An open source project from AI observability company TraceLoop, OpenLLMetry focuses the cloud native OpenTelemetry observability toolset on the task of understanding agentic AI workflows.

OpenTelemetry is “a great protocol for observability in general, so why not extend it to support agentic AI?” said Nir Gazit, CEO of TraceLoop, speaking in a virtual session of the Cloud Native Computing Foundation’s Artificial Intelligence Technical Community Group earlier this month.

The software can be used to capture the activity of interactions with large language models (LLMs), vector databases, and AI frameworks, providing a lot more nuance for organizations who need a better understanding of how effectively their LLM-based applications perform. How effective are the prompts they’ve been given? What parts of the templates were being used? What are the resource hogs?

Without telemetry, you don’t know what you don’t know, Gazit reminded the audience.

Built on OpenTelemetry

The second most popular project of the CNCF (after Kubernetes itself), OpenTelemetry offers a standard protocol for logging, gathering metrics, and tracing processes across cloud native services.

Because OpenTelemetry is an open protocol, it has been widely adopted by most observability platforms. BMC, Datadog, Dynatrace, Google Cloud, Honeycomb, New Relic, and Splunk, among many others, all support OpenTelemetry.

OpenLLMetry uses OpenTelemetry for its primitives, but it was written to understand AI-speak. It is conversant in the language completion tokens and model versions.

Developers can add OpenLLMetry to their own applications, through a number of software development kits, for Python (the predominantly supported language), and also JavaScript/Typescript, Ruby on Rails, and Golang, all of which work by adding a single line of code to the entry point.

The project also includes a wide array of instrumentations that can be added in front of model interfaces, vector databases and frameworks. To instrument each resource, you install a separate module that captures the interactions with that resource.
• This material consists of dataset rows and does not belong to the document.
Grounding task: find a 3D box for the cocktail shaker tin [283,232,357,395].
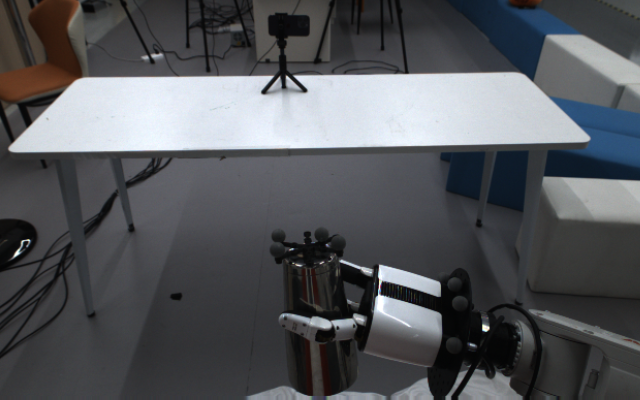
[{"bbox_3d":[-0.003,0.143,0.598,0.093,0.170,0.093,-6,19,2],"label":"cocktail shaker tin"}]
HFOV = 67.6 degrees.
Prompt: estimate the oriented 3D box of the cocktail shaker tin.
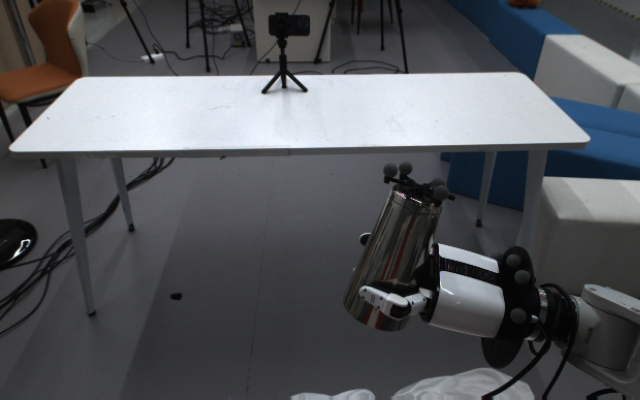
[{"bbox_3d":[0.098,0.069,0.619,0.093,0.170,0.093,14,20,-5],"label":"cocktail shaker tin"}]
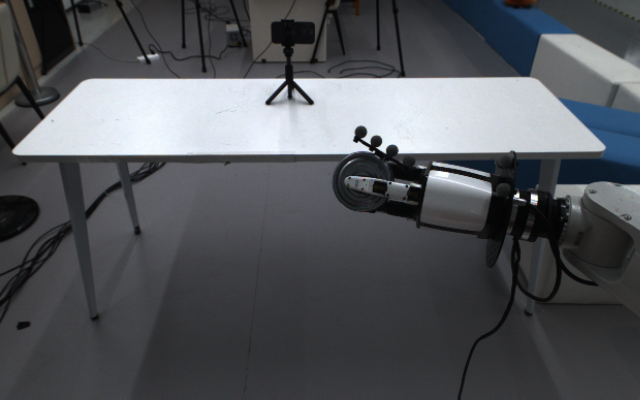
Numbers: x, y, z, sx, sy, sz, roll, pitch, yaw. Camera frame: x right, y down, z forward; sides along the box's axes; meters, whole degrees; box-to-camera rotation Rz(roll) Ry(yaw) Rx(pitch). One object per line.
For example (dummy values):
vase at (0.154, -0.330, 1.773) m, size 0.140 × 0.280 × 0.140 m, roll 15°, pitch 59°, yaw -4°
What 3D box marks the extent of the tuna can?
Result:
tuna can at (0.065, -0.020, 0.684) m, size 0.085 × 0.085 × 0.034 m, roll 12°, pitch 4°, yaw 15°
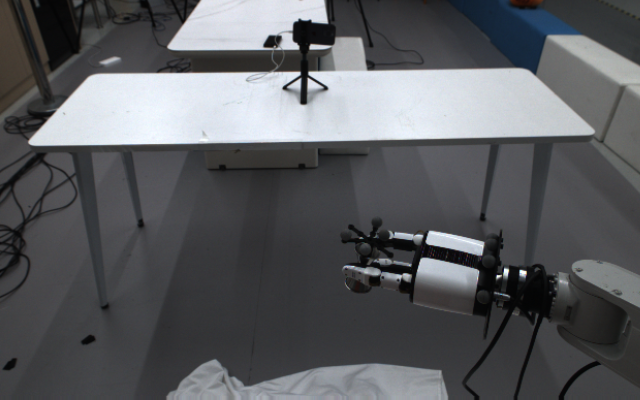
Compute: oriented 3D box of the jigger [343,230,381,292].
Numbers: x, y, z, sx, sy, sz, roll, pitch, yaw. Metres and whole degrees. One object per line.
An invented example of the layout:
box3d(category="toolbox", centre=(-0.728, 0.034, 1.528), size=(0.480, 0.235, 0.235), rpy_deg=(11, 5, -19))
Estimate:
box3d(category="jigger", centre=(0.065, 0.102, 0.743), size=(0.043, 0.071, 0.043), rpy_deg=(9, 30, -5))
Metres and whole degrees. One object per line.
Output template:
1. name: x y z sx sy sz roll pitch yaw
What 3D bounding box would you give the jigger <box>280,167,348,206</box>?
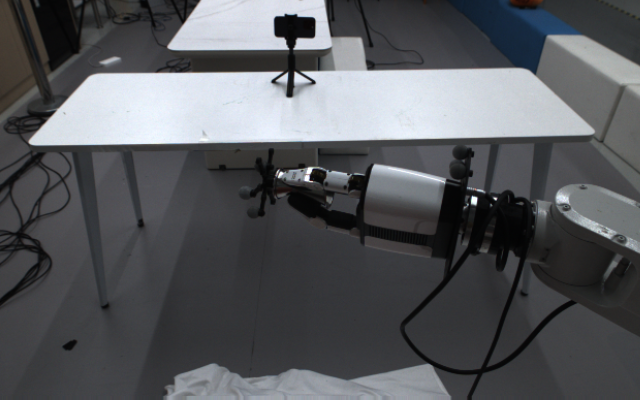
1. jigger: -0.013 -0.020 0.598 0.071 0.043 0.043 8 35 15
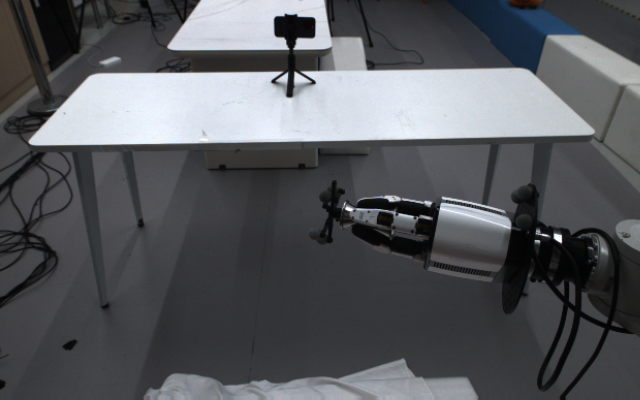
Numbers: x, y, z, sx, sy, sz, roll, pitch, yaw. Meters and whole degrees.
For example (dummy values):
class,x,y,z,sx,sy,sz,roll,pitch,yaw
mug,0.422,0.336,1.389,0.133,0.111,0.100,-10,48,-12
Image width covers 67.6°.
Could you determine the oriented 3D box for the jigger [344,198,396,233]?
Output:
class,x,y,z,sx,sy,sz,roll,pitch,yaw
jigger,0.070,0.021,0.631,0.071,0.043,0.043,10,35,16
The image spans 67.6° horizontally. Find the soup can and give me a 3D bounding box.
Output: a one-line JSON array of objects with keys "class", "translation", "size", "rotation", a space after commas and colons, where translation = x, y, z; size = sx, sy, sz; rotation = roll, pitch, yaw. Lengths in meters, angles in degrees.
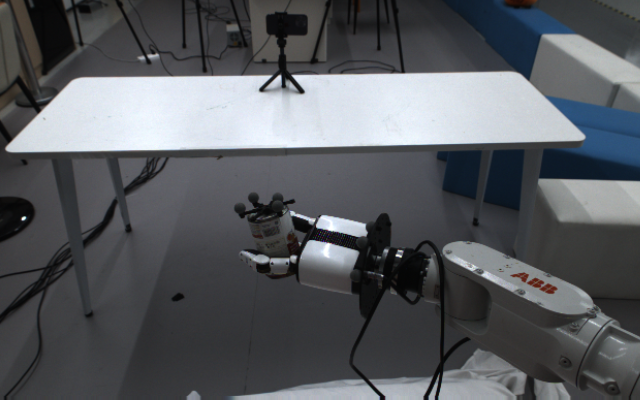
[{"class": "soup can", "translation": [-0.068, 0.063, 0.756], "size": [0.067, 0.101, 0.067], "rotation": [-13, 20, 5]}]
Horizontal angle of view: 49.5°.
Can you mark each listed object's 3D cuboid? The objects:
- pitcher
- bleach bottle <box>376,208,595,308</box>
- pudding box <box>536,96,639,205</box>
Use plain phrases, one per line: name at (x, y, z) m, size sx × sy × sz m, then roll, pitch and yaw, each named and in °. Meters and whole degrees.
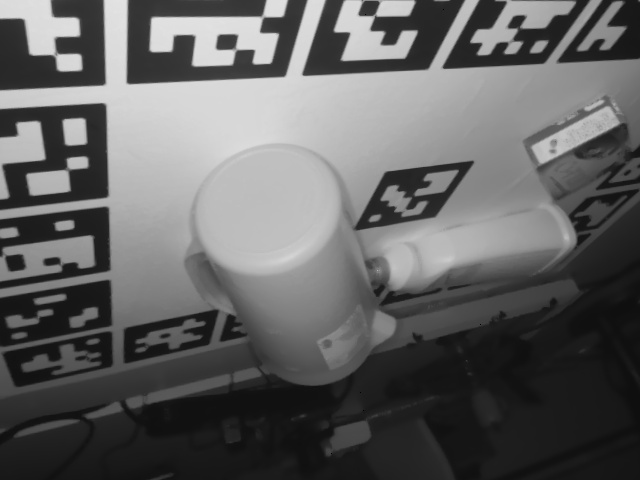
pitcher at (-0.032, 0.015, 0.611) m, size 0.187 × 0.135 × 0.242 m, roll 8°, pitch 150°, yaw 19°
bleach bottle at (0.185, 0.028, 0.798) m, size 0.253 × 0.068 × 0.101 m, roll -8°, pitch 143°, yaw -17°
pudding box at (0.274, -0.085, 0.688) m, size 0.089 × 0.039 × 0.115 m, roll -27°, pitch 148°, yaw 21°
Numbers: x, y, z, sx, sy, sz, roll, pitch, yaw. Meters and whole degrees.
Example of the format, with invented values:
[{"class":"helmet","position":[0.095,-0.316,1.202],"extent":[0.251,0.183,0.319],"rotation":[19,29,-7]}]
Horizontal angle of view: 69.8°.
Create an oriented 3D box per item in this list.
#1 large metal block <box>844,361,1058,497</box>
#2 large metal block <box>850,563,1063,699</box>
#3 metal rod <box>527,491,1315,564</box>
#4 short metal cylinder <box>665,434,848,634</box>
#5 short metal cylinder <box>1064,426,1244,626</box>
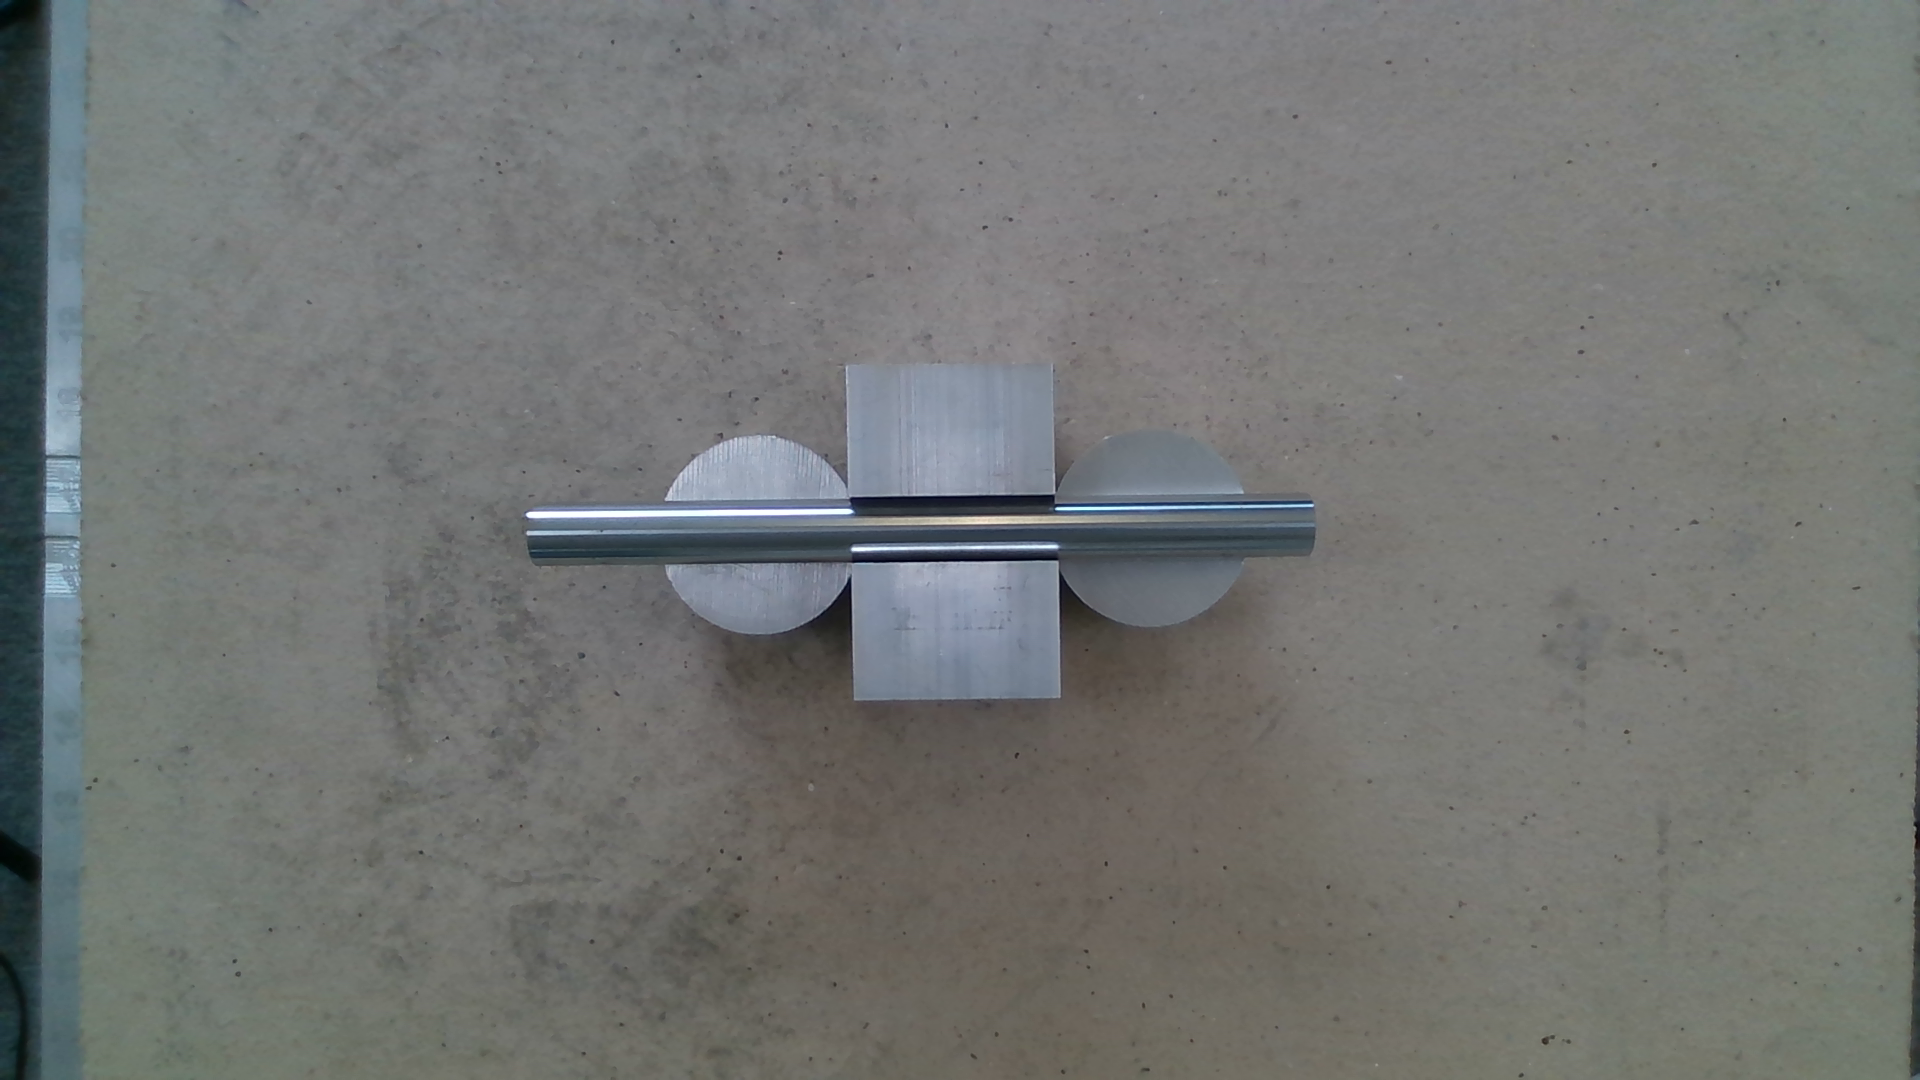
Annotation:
[{"class":"large metal block","position":[-0.004,-0.042,0.559],"extent":[0.080,0.080,0.050],"rotation":[-1,90,0]},{"class":"large metal block","position":[-0.001,0.034,0.560],"extent":[0.080,0.080,0.050],"rotation":[-1,90,0]},{"class":"metal rod","position":[-0.015,-0.005,0.537],"extent":[0.300,0.025,0.025],"rotation":[-1,90,0]},{"class":"short metal cylinder","position":[-0.081,-0.002,0.576],"extent":[0.080,0.050,0.080],"rotation":[0,90,-1]},{"class":"short metal cylinder","position":[0.076,-0.006,0.575],"extent":[0.080,0.050,0.080],"rotation":[0,90,-1]}]
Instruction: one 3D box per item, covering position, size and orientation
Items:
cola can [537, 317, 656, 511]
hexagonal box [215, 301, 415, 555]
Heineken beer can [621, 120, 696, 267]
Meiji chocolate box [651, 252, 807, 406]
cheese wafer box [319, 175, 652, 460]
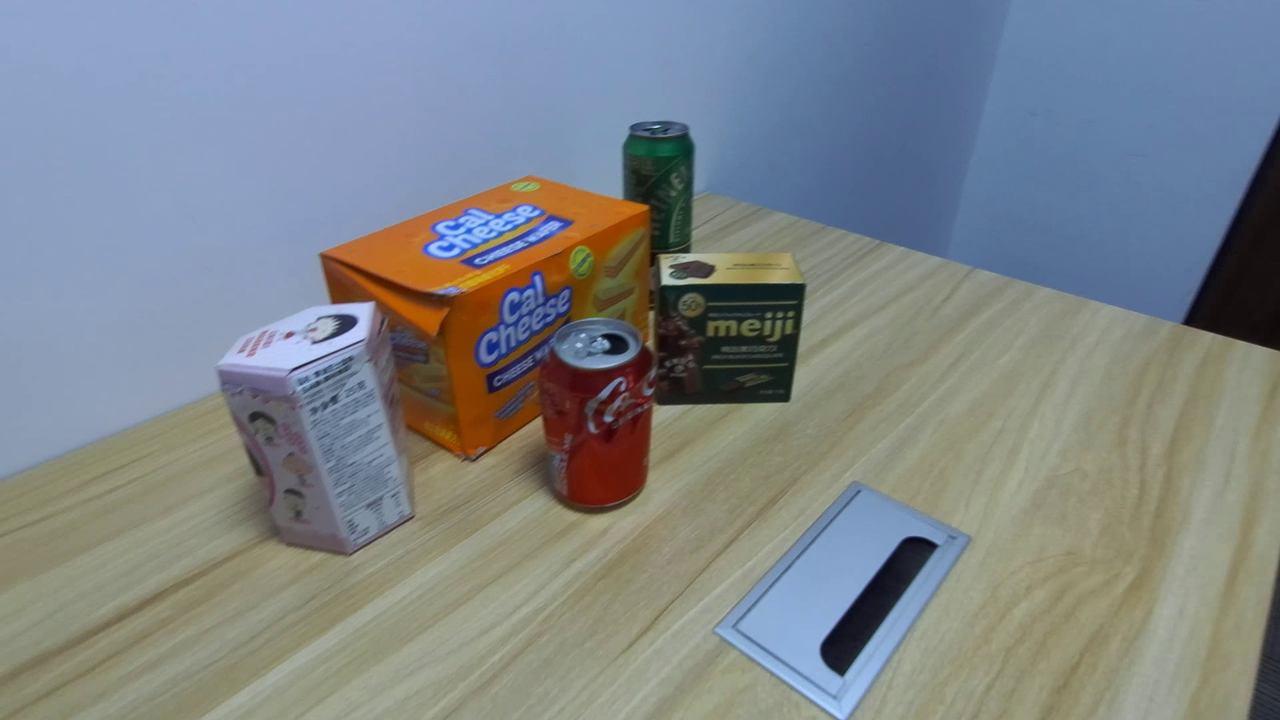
[{"bbox_3d":[-0.027,0.034,0.455,0.065,0.117,0.066,16,36,23],"label":"cola can"},{"bbox_3d":[-0.189,0.041,0.433,0.085,0.135,0.092,-9,34,-13],"label":"hexagonal box"},{"bbox_3d":[0.018,-0.134,0.675,0.067,0.169,0.067,0,30,0],"label":"Heineken beer can"},{"bbox_3d":[0.066,-0.023,0.552,0.110,0.109,0.056,-1,33,-1],"label":"Meiji chocolate box"},{"bbox_3d":[-0.111,-0.050,0.575,0.149,0.137,0.228,23,39,31],"label":"cheese wafer box"}]
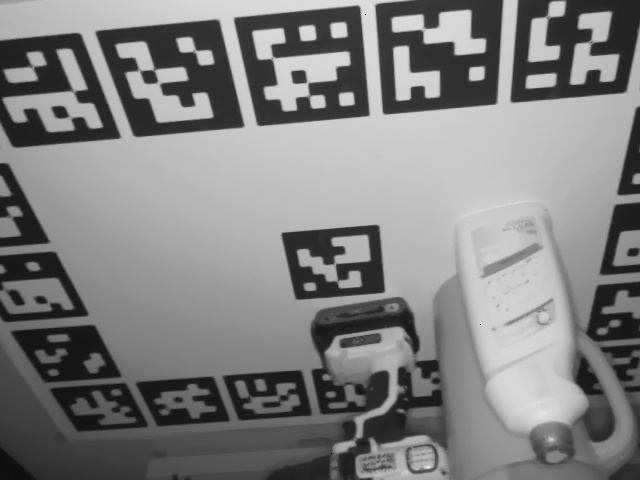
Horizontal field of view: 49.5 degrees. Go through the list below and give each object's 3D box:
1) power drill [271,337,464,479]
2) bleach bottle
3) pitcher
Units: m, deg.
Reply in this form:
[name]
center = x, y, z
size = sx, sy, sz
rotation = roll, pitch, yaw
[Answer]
[power drill]
center = 0.051, 0.186, 0.710
size = 0.184, 0.189, 0.057
rotation = -6, 125, 11
[bleach bottle]
center = 0.215, 0.096, 0.605
size = 0.102, 0.253, 0.067
rotation = -11, 127, 8
[pitcher]
center = 0.215, 0.163, 0.683
size = 0.187, 0.244, 0.133
rotation = -27, 122, 19
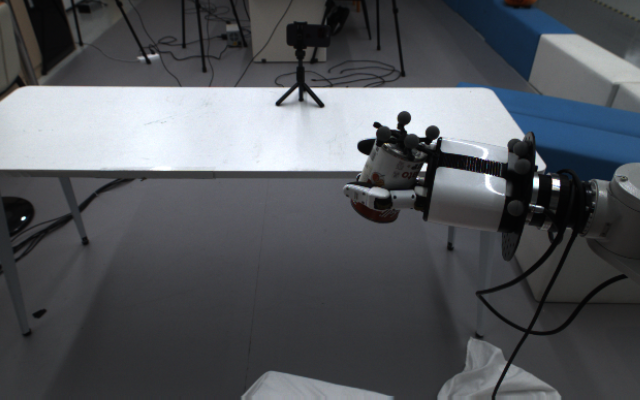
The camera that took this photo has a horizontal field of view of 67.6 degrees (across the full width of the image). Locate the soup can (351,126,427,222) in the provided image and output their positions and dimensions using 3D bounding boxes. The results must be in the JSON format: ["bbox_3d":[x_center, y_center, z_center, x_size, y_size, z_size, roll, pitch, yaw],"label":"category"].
[{"bbox_3d":[0.088,-0.030,0.617,0.067,0.101,0.067,14,35,-10],"label":"soup can"}]
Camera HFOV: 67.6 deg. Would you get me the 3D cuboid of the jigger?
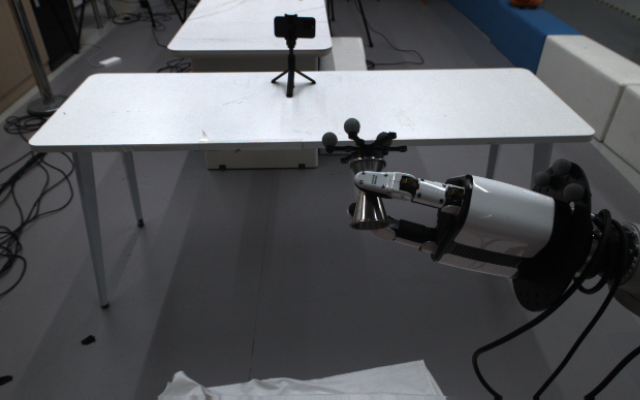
[{"bbox_3d":[0.053,-0.008,0.507,0.043,0.043,0.071,0,75,-4],"label":"jigger"}]
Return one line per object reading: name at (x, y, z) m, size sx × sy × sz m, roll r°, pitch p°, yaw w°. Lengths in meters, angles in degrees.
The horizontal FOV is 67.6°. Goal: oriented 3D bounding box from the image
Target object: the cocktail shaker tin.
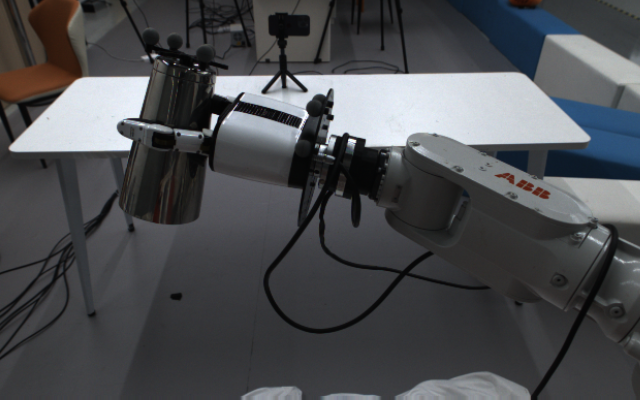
cocktail shaker tin at (-0.167, -0.067, 0.548) m, size 0.093 × 0.170 × 0.093 m, roll 14°, pitch 17°, yaw -5°
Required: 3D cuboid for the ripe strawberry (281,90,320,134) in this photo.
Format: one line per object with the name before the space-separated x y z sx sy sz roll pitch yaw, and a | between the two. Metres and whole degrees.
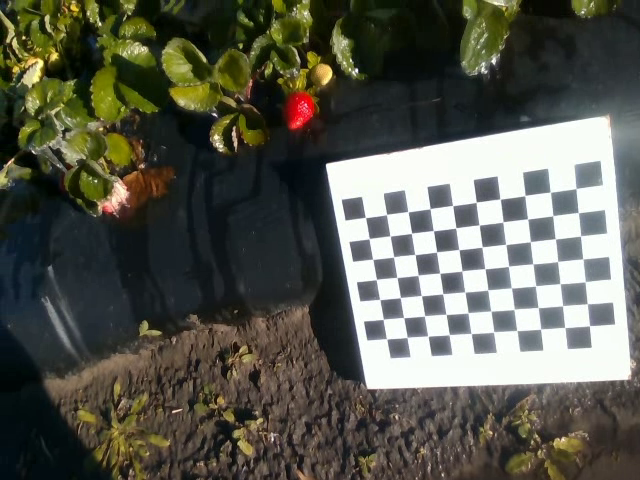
ripe strawberry | -0.019 -0.107 0.563 0.039 0.040 0.039 -15 35 31
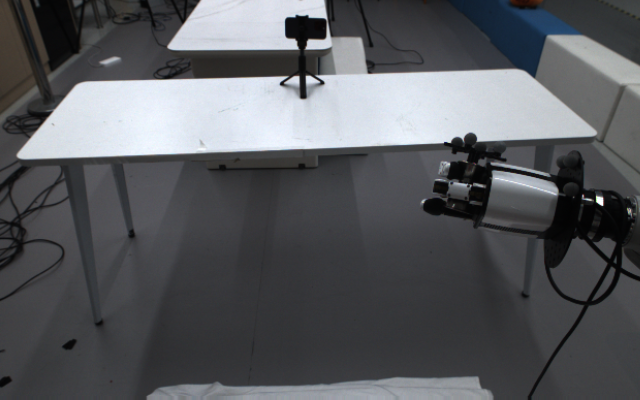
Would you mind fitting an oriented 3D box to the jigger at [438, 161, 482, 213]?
[{"bbox_3d":[0.203,-0.019,0.676,0.043,0.071,0.043,17,2,-1],"label":"jigger"}]
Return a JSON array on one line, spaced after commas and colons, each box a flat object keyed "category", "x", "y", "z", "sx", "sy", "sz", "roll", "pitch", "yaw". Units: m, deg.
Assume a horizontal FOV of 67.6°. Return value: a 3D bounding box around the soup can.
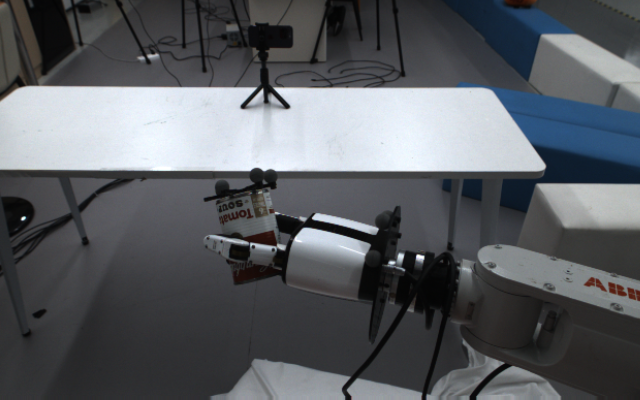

OpenLLMetry supports more than 30 LLMs, including the latest releases from Anthropic, Google Gemini and OpenAI. While the models themselves are largely black boxes, the project has “monkey patched” their client libraries to intercept outgoing requests (hopefully without impacting latency).

It can also instrument a number of the most popular vector databases, such as Pinecone, ChromaDB, Elasticsearch, et al. For instance, if you are using Pinecone, you can track the queries going in, the indexing taking place, and the data and performance metrics associated with each interaction.

And there is also instrumentations for various AI frameworks, such as Langchain and Haystack. Frameworks are used to build LLM-based applications, and provide them with the short-term memory to capture context. OpenLLMetry can be used to monitor MCP tools, visualize agentic loops, pinpoint trouble with Retrieval-Augmented Generation (RAG) processes.

Understanding the AI Space

One of the most valuable potential uses of OpenLLMetry would be tracing, Gazit told the attendees. Agentic workflows are inherently event-driven, usually involving multiple services. OpenLLMetry has a way to hand off a trace identifier from one MCP server to another, allowing the user to follow the process through all its steps.

An organization could use OpenLLMetry to track costs, based on prompt tokens and completion tokens. They can even be attributed to a specific user, feature, or team.

Traceloop itself offers a commercial platform that supports OpenLLMetry for enterprise use, including features such as LLM evaluations, a prompt registry and drift detection. The company closed $6.1 million in seed funding last May.